Researchers in Australia are building a "living seed bank" to protect the continent’s last-remaining fragments of rainforest from climate change. One goal is to avoid the extinction of ancient trees, whose ancestral roots trace back to Gondwana, the supercontinent that existed before Earth's continents separated hundreds millions of years ago.
Historically, Australia's lush Big Scrub Rainforest flourished across 185,000 acres (75,000 hectares) of eastern Australia. But over the centuries, human encroachment and wildfires have shrunk it to just 1% of that original expanse. Now, rising temperatures and drought threaten the remaining fragments.

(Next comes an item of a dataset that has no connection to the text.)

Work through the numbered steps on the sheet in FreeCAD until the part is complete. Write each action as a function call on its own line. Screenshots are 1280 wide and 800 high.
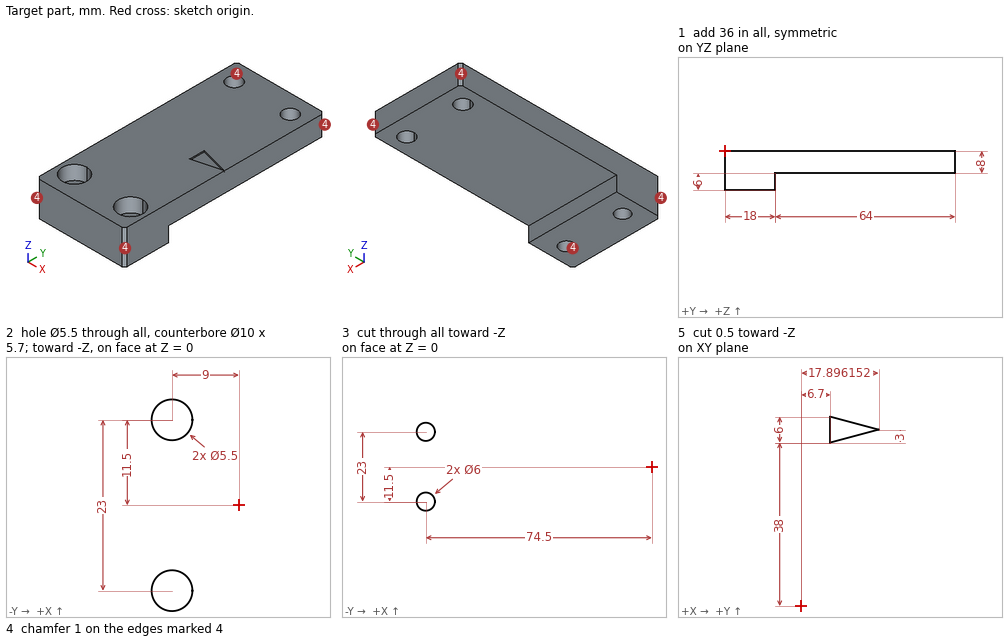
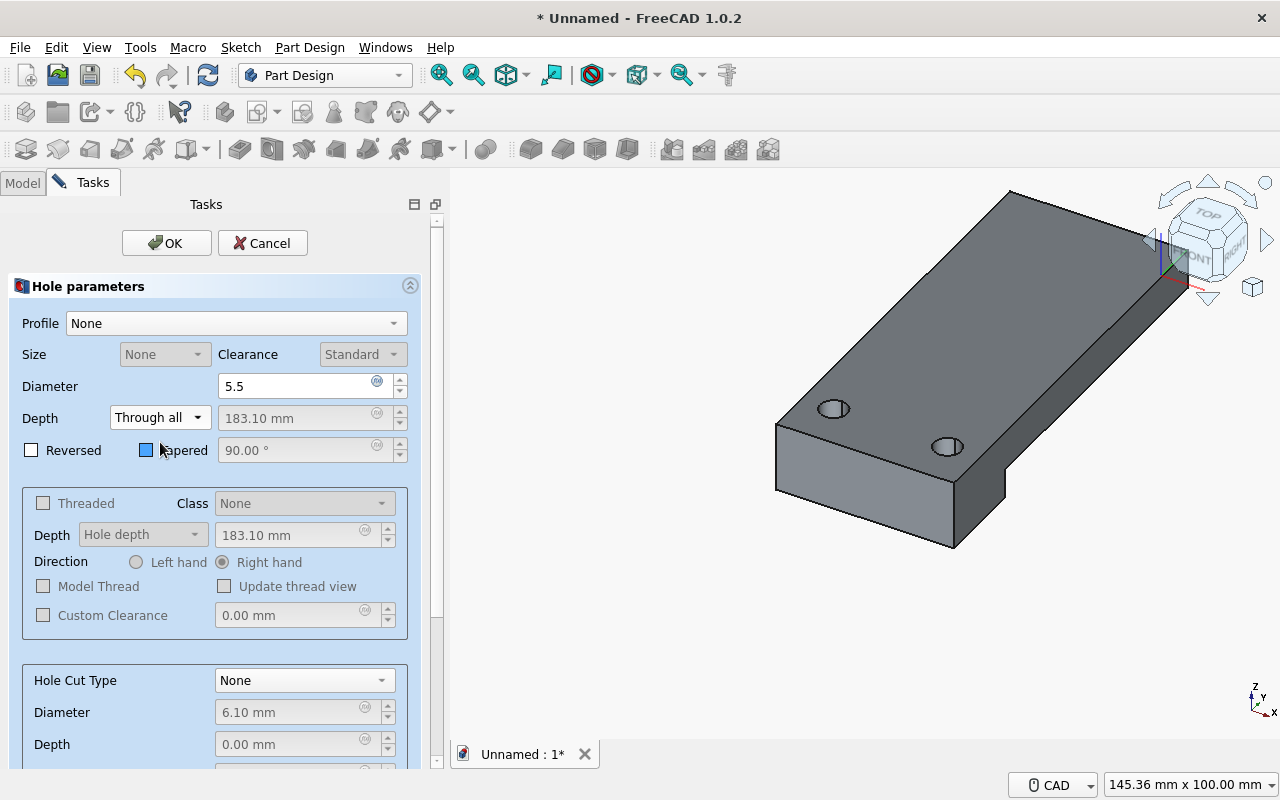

These smaller patches contain fewer trees and dwindling diversity, which leaves species vulnerable to changing weather, warming, and disease.
That's a worry particularly for Gondwana-descended species like Red Carabeen (Karrabina benthamiana) and Yellow Carabeen (Sloanea woollsii) from lineages over 50 million years old, a time when Australia was still attached to Antarctica before Gondwana had fully broken apart.
These canopy trees can grow to 115 and 164 feet (35 and 50 meters) tall respectively, and are "the main frame-builders of the forest," said Robert Kooyman, a plant biologist at Macquarie University, Australia who is involved with the research.
Related: Mystery of 'living fossil' tree frozen in time for 66 million years finally solved
In the new project, called Science Saving Rainforests, which is run by the Australian non-profit Big Scrub Rainforest Conservancy, scientists have selected 60 plant species, including several of those Gondwana-era trees.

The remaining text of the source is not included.